## Work item:
Whenever a line in the data below includes the string "Find", copy it out.

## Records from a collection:
━━━━━━
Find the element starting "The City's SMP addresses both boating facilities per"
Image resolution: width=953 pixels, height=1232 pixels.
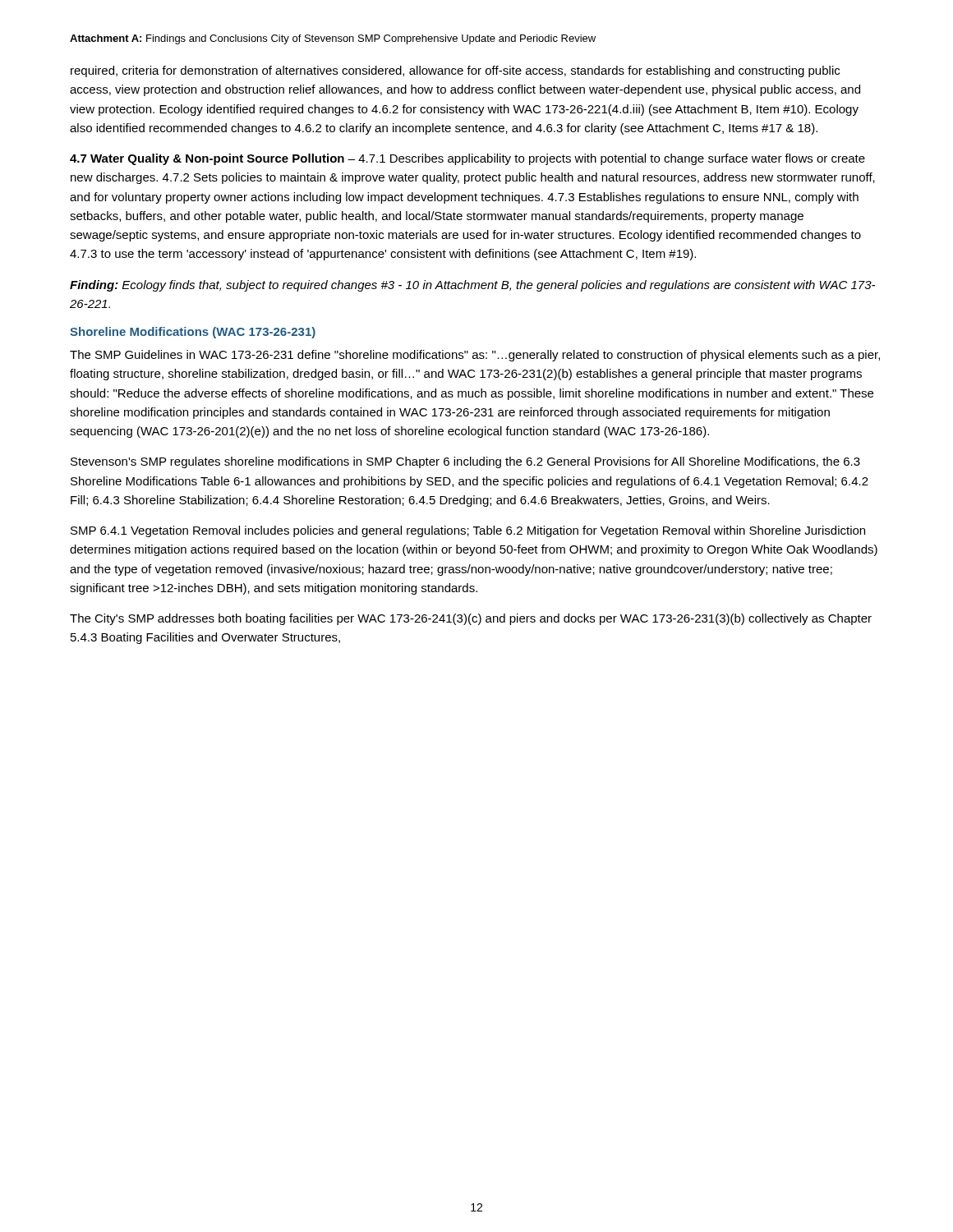coord(471,628)
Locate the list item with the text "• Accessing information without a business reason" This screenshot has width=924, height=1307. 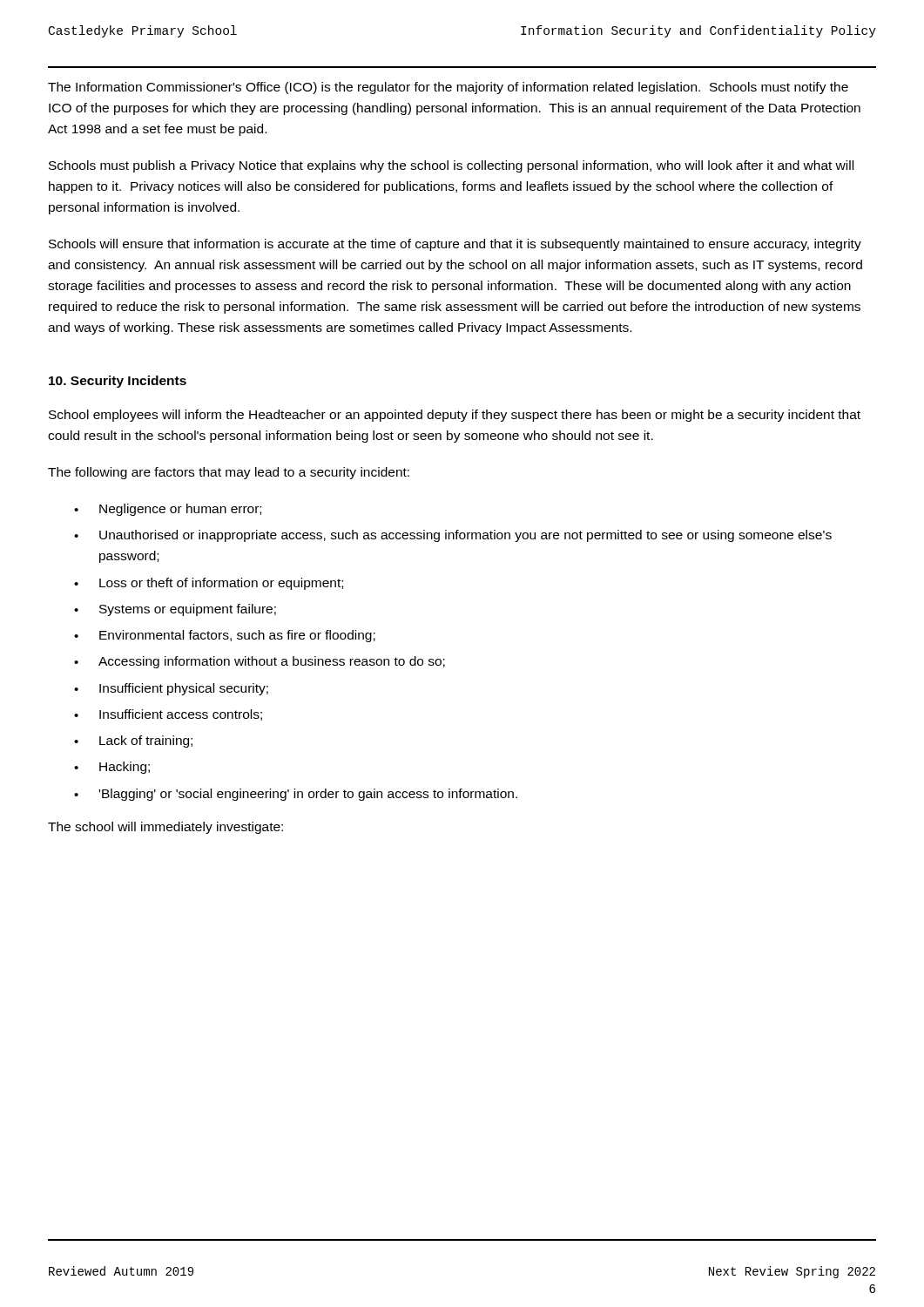pyautogui.click(x=260, y=662)
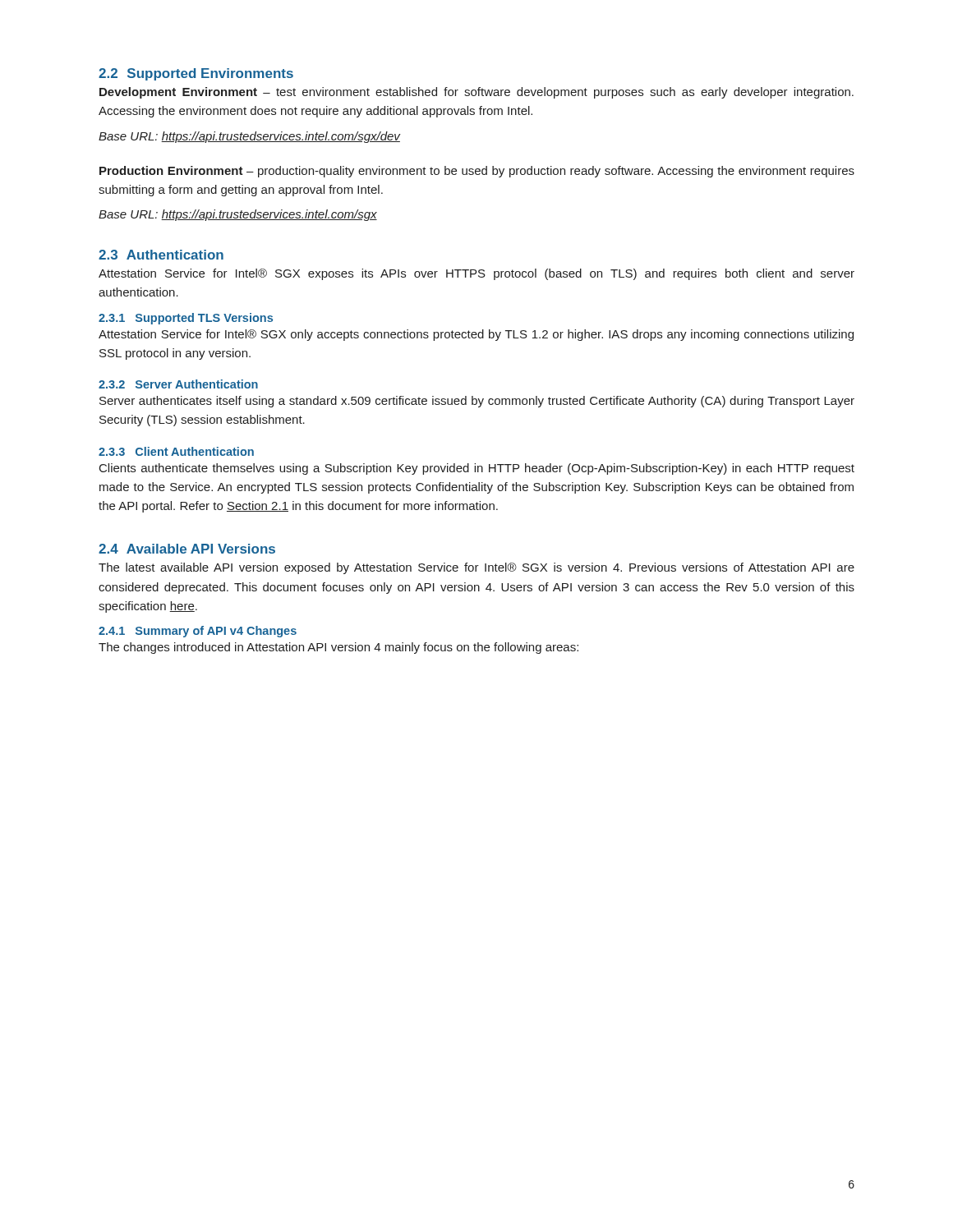Click on the element starting "2.4.1 Summary of API v4 Changes"

coord(198,631)
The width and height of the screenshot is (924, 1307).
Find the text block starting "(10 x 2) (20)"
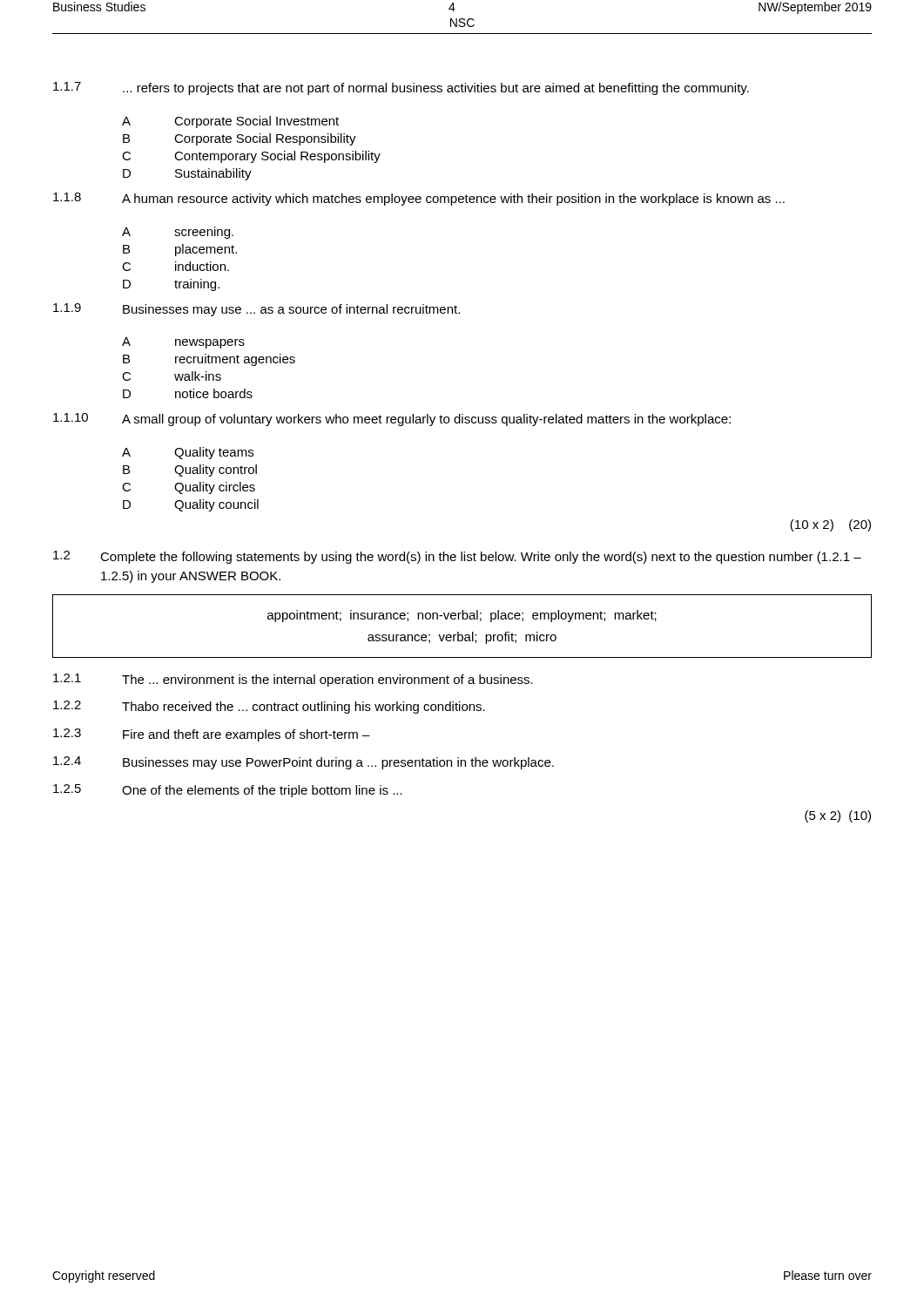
━━━━━━
## Task output:
Find the element starting "The City's SMP addresses both boating facilities per"
Find the text block starting "(10 x 2) (20)"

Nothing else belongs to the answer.